Thursday, December 23, 2021

December 21, 2021

Capping off this year, my son was just admitted to the hospital (he’s been there since about 4:30am when he woke me) for a gut infection—no holes, thankfully!—and getting IV pain meds and antibiotics. Since there is still COVID (Delta, Omicron, fa-la-la-la-la), he had to be tested for that before admittance and they had to give him a chest x-ray in addition to the CT. This poor young man has really been through the wringer! Please, please, let the biologic (Entyvio) work so that he can go into remission. If anyone deserves a break, he does. 

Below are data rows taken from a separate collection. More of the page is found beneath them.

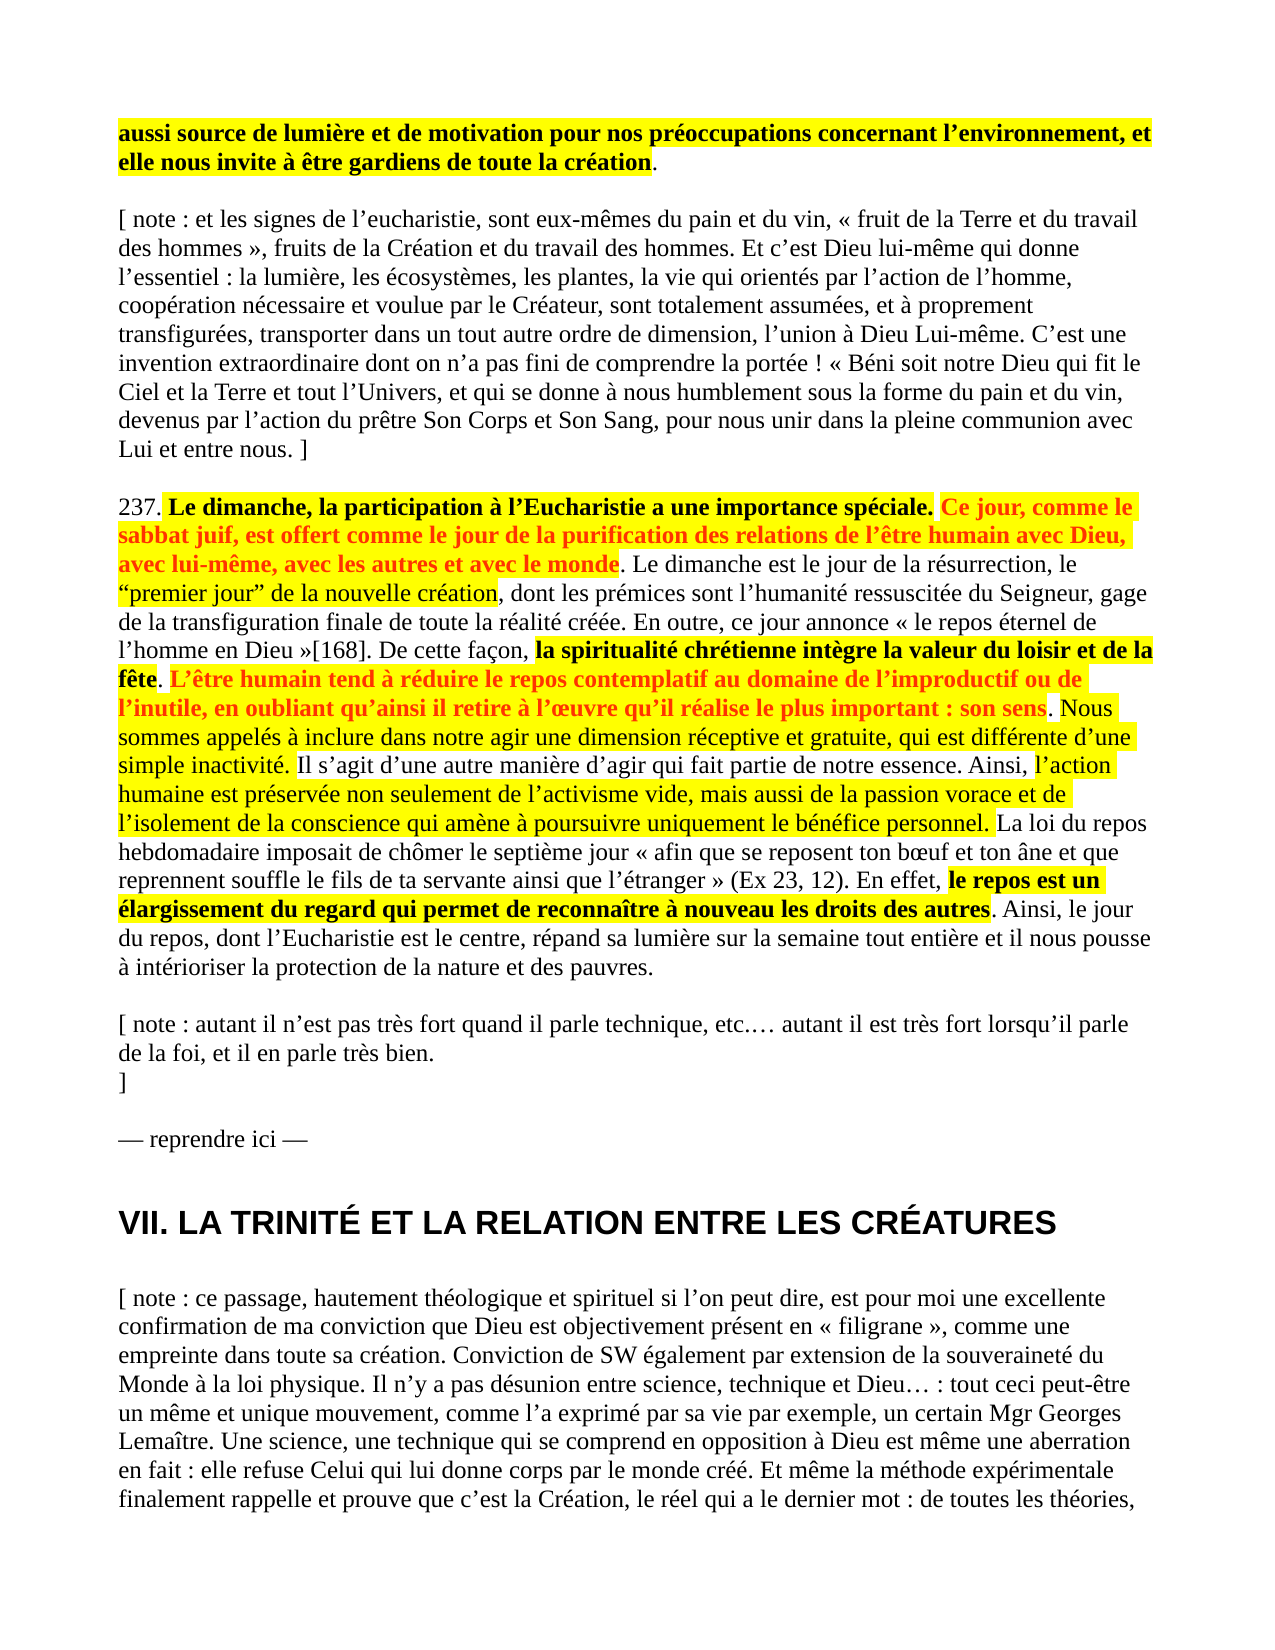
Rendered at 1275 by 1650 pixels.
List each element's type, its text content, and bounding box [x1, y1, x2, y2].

text aussi source de lumière et de motivation pour nos préoccupations concernant l’environnement, et elle nous invite à être gardiens de toute la création. [118, 118, 1157, 176]
subtitle VII. LA TRINITÉ ET LA RELATION ENTRE LES CRÉATURES [118, 1203, 1157, 1241]
text [ note : autant il n’est pas très fort quand il parle technique, etc.… autant il est très fort lorsqu’il parle de la foi, et il en parle très bien. [118, 1009, 1157, 1067]
text 237. Le dimanche, la participation à l’Eucharistie a une importance spéciale. Ce jour, comme le sabbat juif, est offert comme le jour de la purification des relations de l’être humain avec Dieu, avec lui-même, avec les autres et avec le monde. Le dimanche est le jour de la résurrection, le “premier jour” de la nouvelle création, dont les prémices sont l’humanité ressuscitée du Seigneur, gage de la transfiguration finale de toute la réalité créée. En outre, ce jour annonce « le repos éternel de l’homme en Dieu »[168]. De cette façon, la spiritualité chrétienne intègre la valeur du loisir et de la fête. L’être humain tend à réduire le repos contemplatif au domaine de l’improductif ou de l’inutile, en oubliant qu’ainsi il retire à l’œuvre qu’il réalise le plus important : son sens. Nous sommes appelés à inclure dans notre agir une dimension réceptive et gratuite, qui est différente d’une simple inactivité. Il s’agit d’une autre manière d’agir qui fait partie de notre essence. Ainsi, l’action humaine est préservée non seulement de l’activisme vide, mais aussi de la passion vorace et de l’isolement de la conscience qui amène à poursuivre uniquement le bénéfice personnel. La loi du repos hebdomadaire imposait de chômer le septième jour « afin que se reposent ton bœuf et ton âne et que reprennent souffle le fils de ta servante ainsi que l’étranger » (Ex 23, 12). En effet, le repos est un élargissement du regard qui permet de reconnaître à nouveau les droits des autres. Ainsi, le jour du repos, dont l’Eucharistie est le centre, répand sa lumière sur la semaine tout entière et il nous pousse à intérioriser la protection de la nature et des pauvres. [118, 492, 1157, 981]
text [ note : ce passage, hautement théologique et spirituel si l’on peut dire, est pour moi une excellente confirmation de ma conviction que Dieu est objectivement présent en « filigrane », comme une empreinte dans toute sa création. Conviction de SW également par extension de la souveraineté du Monde à la loi physique. Il n’y a pas désunion entre science, technique et Dieu… : tout ceci peut-être un même et unique mouvement, comme l’a exprimé par sa vie par exemple, un certain Mgr Georges Lemaître. Une science, une technique qui se comprend en opposition à Dieu est même une aberration en fait : elle refuse Celui qui lui donne corps par le monde créé. Et même la méthode expérimentale finalement rappelle et prouve que c’est la Création, le réel qui a le dernier mot : de toutes les théories, [118, 1283, 1157, 1513]
text ] [118, 1067, 1157, 1096]
text — reprendre ici — [118, 1124, 1157, 1153]
text [ note : et les signes de l’eucharistie, sont eux-mêmes du pain et du vin, « fruit de la Terre et du travail des hommes », fruits de la Création et du travail des hommes. Et c’est Dieu lui-même qui donne l’essentiel : la lumière, les écosystèmes, les plantes, la vie qui orientés par l’action de l’homme, coopération nécessaire et voulue par le Créateur, sont totalement assumées, et à proprement transfigurées, transporter dans un tout autre ordre de dimension, l’union à Dieu Lui-même. C’est une invention extraordinaire dont on n’a pas fini de comprendre la portée ! « Béni soit notre Dieu qui fit le Ciel et la Terre et tout l’Univers, et qui se donne à nous humblement sous la forme du pain et du vin, devenus par l’action du prêtre Son Corps et Son Sang, pour nous unir dans la pleine communion avec Lui et entre nous. ] [118, 204, 1157, 463]

Yesterday, Monday, I drove Robert to KU Medical Center to see Dr. Fox. He was referred to KU by Dr. Jake Deister, the doctor who did his full left shoulder replacement (stemming from a fall at work in June of 2019). In January of 2020, he fell and broke the right shoulder, but no surgery was necessary. Last month, November 2021, he fell when he was helping me push Ethan’s car into the driveway and broke the arm just under the implant. We took him to Hiawatha Hospital where they x-rayed and scanned him at least three times, but couldn’t really see what was wrong. 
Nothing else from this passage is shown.